Your objective.
Look for "angles" in the records and copy every line that has it.

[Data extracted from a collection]

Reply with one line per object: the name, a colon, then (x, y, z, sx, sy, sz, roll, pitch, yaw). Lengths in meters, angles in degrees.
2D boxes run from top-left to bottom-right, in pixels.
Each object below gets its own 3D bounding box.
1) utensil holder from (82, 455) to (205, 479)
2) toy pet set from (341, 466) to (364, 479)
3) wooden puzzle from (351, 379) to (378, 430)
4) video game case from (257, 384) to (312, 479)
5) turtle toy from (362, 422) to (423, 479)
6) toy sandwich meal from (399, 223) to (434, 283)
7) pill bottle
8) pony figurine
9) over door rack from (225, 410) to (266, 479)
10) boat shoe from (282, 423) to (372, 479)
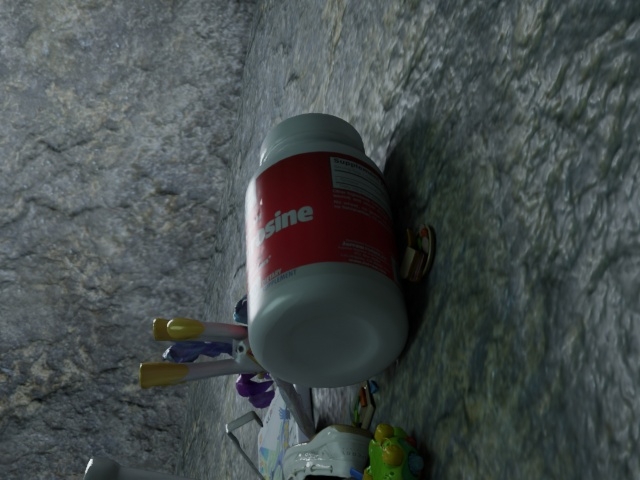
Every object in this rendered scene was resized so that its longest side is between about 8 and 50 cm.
utensil holder: (-0.128, 0.462, 1.366, 0.327, 0.385, 0.328, -170, 90, -85)
toy pet set: (0.076, 0.379, 1.538, 0.114, 0.065, 0.122, 23, 111, 40)
wooden puzzle: (0.064, 0.262, 1.697, 0.078, 0.014, 0.116, -113, 34, -65)
video game case: (-0.069, 0.426, 2.100, 0.329, 0.036, 0.300, -96, 19, -45)
turtle toy: (0.097, 0.289, 1.434, 0.130, 0.066, 0.095, -110, 31, -64)
toy sandwich meal: (0.132, 0.017, 1.527, 0.085, 0.029, 0.086, -172, 90, -76)
pill bottle: (0.000, 0.000, 1.659, 0.408, 0.228, 0.229, -95, 19, -44)
pony figurine: (-0.095, 0.192, 1.834, 0.351, 0.363, 0.303, 81, -173, -83)
over door rack: (-0.089, 0.470, 1.746, 0.239, 0.108, 0.324, -112, 4, -58)
boat shoe: (0.000, 0.368, 1.708, 0.277, 0.098, 0.096, 124, 155, -59)
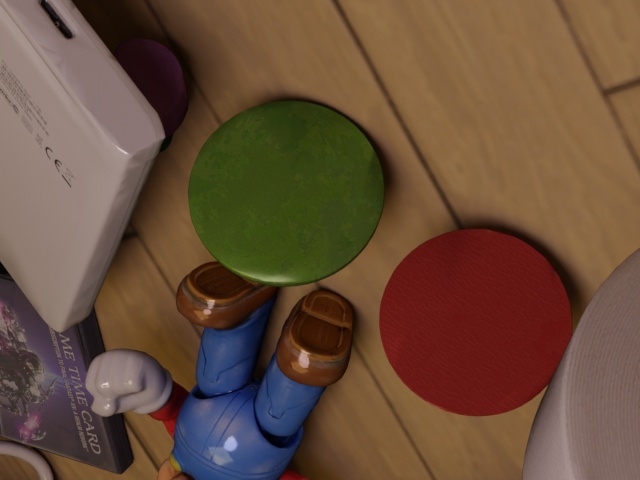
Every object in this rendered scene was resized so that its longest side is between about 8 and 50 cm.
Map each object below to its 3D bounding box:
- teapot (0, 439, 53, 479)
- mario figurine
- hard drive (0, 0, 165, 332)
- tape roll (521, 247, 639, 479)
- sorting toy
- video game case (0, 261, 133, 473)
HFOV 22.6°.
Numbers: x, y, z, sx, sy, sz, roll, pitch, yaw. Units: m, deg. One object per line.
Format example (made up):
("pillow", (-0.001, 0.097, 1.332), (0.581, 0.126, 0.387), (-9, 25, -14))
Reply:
("teapot", (-0.279, 0.348, 1.476), (0.252, 0.187, 0.256), (56, 161, 27))
("mario figurine", (-0.074, 0.180, 1.189), (0.198, 0.170, 0.320), (54, 141, 43))
("hard drive", (-0.206, -0.074, 1.107), (0.203, 0.040, 0.307), (52, 153, 9))
("tape roll", (0.287, 0.138, 0.740), (0.392, 0.392, 0.072), (30, 136, 14))
("sorting toy", (0.000, 0.000, 1.076), (0.365, 0.127, 0.126), (35, 166, 14))
("video game case", (-0.297, 0.093, 1.398), (0.274, 0.026, 0.196), (11, 128, 29))
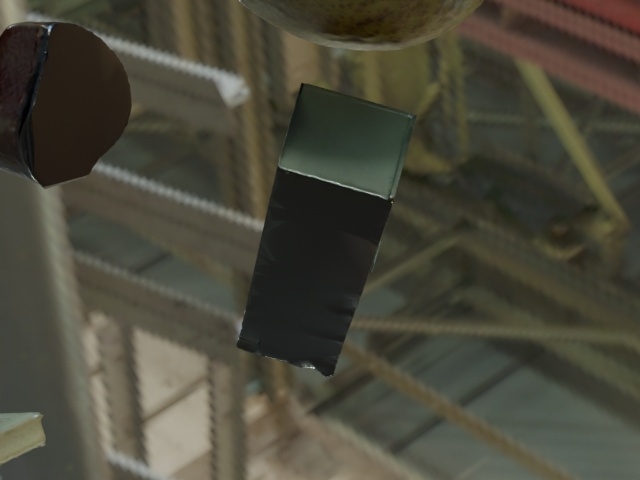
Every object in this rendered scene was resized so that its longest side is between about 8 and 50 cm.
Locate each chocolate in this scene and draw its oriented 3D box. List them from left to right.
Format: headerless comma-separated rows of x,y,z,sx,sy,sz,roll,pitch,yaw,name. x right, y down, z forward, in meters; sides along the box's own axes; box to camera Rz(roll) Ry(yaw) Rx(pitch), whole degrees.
-0.226,-0.112,1.544,0.080,0.148,0.125,3,-51,30,chocolate

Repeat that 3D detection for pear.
0.022,-0.236,1.320,0.228,0.188,0.211,40,-34,-24,pear

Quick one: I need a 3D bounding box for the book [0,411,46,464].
-0.267,0.116,0.924,0.242,0.170,0.018,-4,-77,44,book

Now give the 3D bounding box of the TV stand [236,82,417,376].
0.000,0.000,1.468,0.088,0.082,0.269,15,-31,0,TV stand
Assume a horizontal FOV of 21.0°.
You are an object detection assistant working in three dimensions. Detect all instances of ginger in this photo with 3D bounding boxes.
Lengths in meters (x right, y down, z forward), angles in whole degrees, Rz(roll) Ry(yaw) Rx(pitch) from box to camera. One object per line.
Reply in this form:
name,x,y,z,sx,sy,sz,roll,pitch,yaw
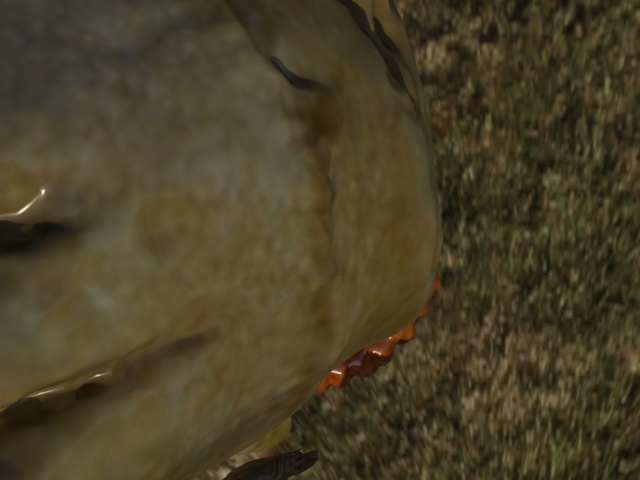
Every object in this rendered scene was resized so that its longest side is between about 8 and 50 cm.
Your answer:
ginger,-0.098,0.030,0.376,0.126,0.190,0.354,11,48,41

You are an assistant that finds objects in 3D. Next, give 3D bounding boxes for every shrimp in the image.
shrimp,-0.037,0.252,1.777,0.095,0.162,0.045,15,113,35

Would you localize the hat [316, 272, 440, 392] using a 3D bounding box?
hat,0.000,0.000,1.594,0.285,0.400,0.285,1,85,-13

Output of the exercise.
Reply with one line per object: the name, a colon, then (x, y, z, sx, sy, sz, roll, pitch, yaw). Lengths in meters, angles in degrees.
Lengths in meters (x right, y down, z forward), angles in whole degrees, Rz(roll) Ry(yaw) Rx(pitch) from box to camera. One object per line.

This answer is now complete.